Geophysical surveys are efficient ways to obtain information on areas that are promising for geothermal energy. One of the geophysical techniques commonly used is the magnetic method, which is useful to detect shallow structures and changes in magnetization due to processes related to geothermal activity, such as faulting and hydrothermal alterations. Despite the richness of available geothermal resources in South America and Ecuador, the use of these resources for electricity production is very limited. Chachimbiro, in northern Ecuador, is one of the potential sites for developing a geothermal power plant. Our objective is to provide complementary magnetometry data to improve the existing model of the geothermal area. We performed high resolution ground magnetometry survey of ~30 m spacing around the prospective drilling area in order to better understand the shallow structures above the reservoir. We also performed two additional survey lines with ~5 m spacing across possible fault locations. After necessary data reductions the magnetic anomaly map was compared with a digital elevation model and a geological map of the area. This helped to understand the distribution of the anomalies and their relation with the presence of high magnetic susceptibility materials, hydrothermal alterations and topography. Major anomalies observed in the magnetic profiles were compared with forward fault models, allowing us to distinguish topographic from fault effects. We then compared our new magnetometry results with previous geophysical models of the Chachimbiro geothermal system. The large long-wavelength negative anomaly on the Northeast side of the survey area seems to coincide with the suggested location of the clay cap, and can therefore be used to improve the existing models. The new magnetic exploration of Chachimbiro therefore shows the usefulness of this method to locate magnetic anomalies related to faulting and hydrothermal alterations.
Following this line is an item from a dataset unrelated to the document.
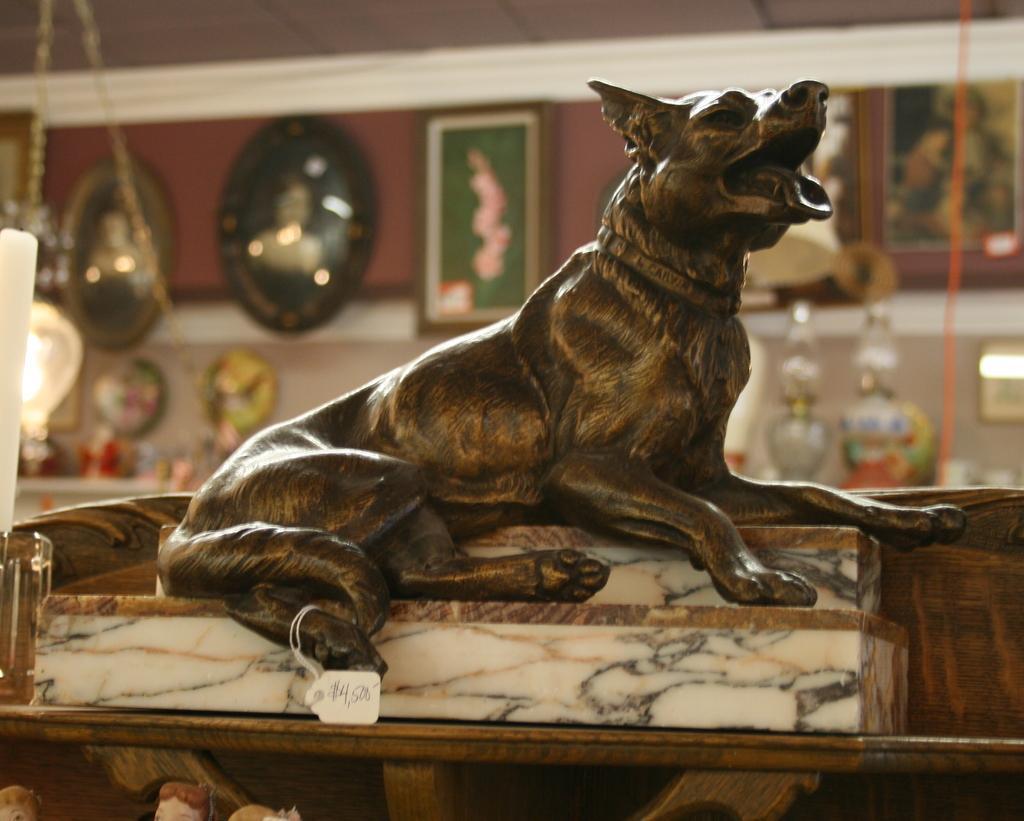Describe this image in one or two sentences. In this image in the front there is a statue. In the background there are frames on the wall and there are objects in front of the wall and there are lights. In the front there are toys.

Geophysical methods are very useful in archeological prospection by providing an inexpensive, non-invasive view of the subsurface, and, helping the archeologists to better target their excavation efforts. Ecuador’s past is very rich, with many archeological sites still unexplored. Manteño culture prevailed in the province of Manabí in a series of large coastal towns and along the river valleys and ridges of the Chongón-Colonche coastal mountains of what is now Ecuador from around 500 CE to 1532 CE. They were one of the last prehistoric cultures and the Inca Empire never conquered them directly, which meant their culture developed independently. Thousands of carefully arranged stone foundation have been documented across the abrupt landscape that has been intentionally modified for large scale agriculture. In this work, we present the results of Electrical Resistivity Tomography (ERT) and magnetometry surveys at the Río Blanco archeological area close to the coastal city of Puerto Lopez. The area includes one of the largest unexcavated archeological remains known in Ecuador. It consists of alluvial terraces modified by the Manteño people scattered with numerous ruins. The archeological structures are often delimited by buried rock blocks that sometimes outcrop in the surface. We made 2 ½ D ERT with dipole-dipole array configuration and ground magnetometry surveys at three locations which were identified earlier by archeologists as buried buildings, with one of them being previously partially excavated. The measurement grid for each structure was designed according to their size. For magnetometry, a base station measurement was taken after finishing each survey line in order to be able to remove diurnal variations from the magnetometry readings. All tested structures showed internal variations within them related to differences in electrical resistivity and magnetic susceptibility. According to our preliminary interpretation, some of these anomalies are from the wall rocks and some suggest the presence of buried objects as well as potential locations of fireplaces. The locations of the buried objects are intended to be later verified by archeological excavation.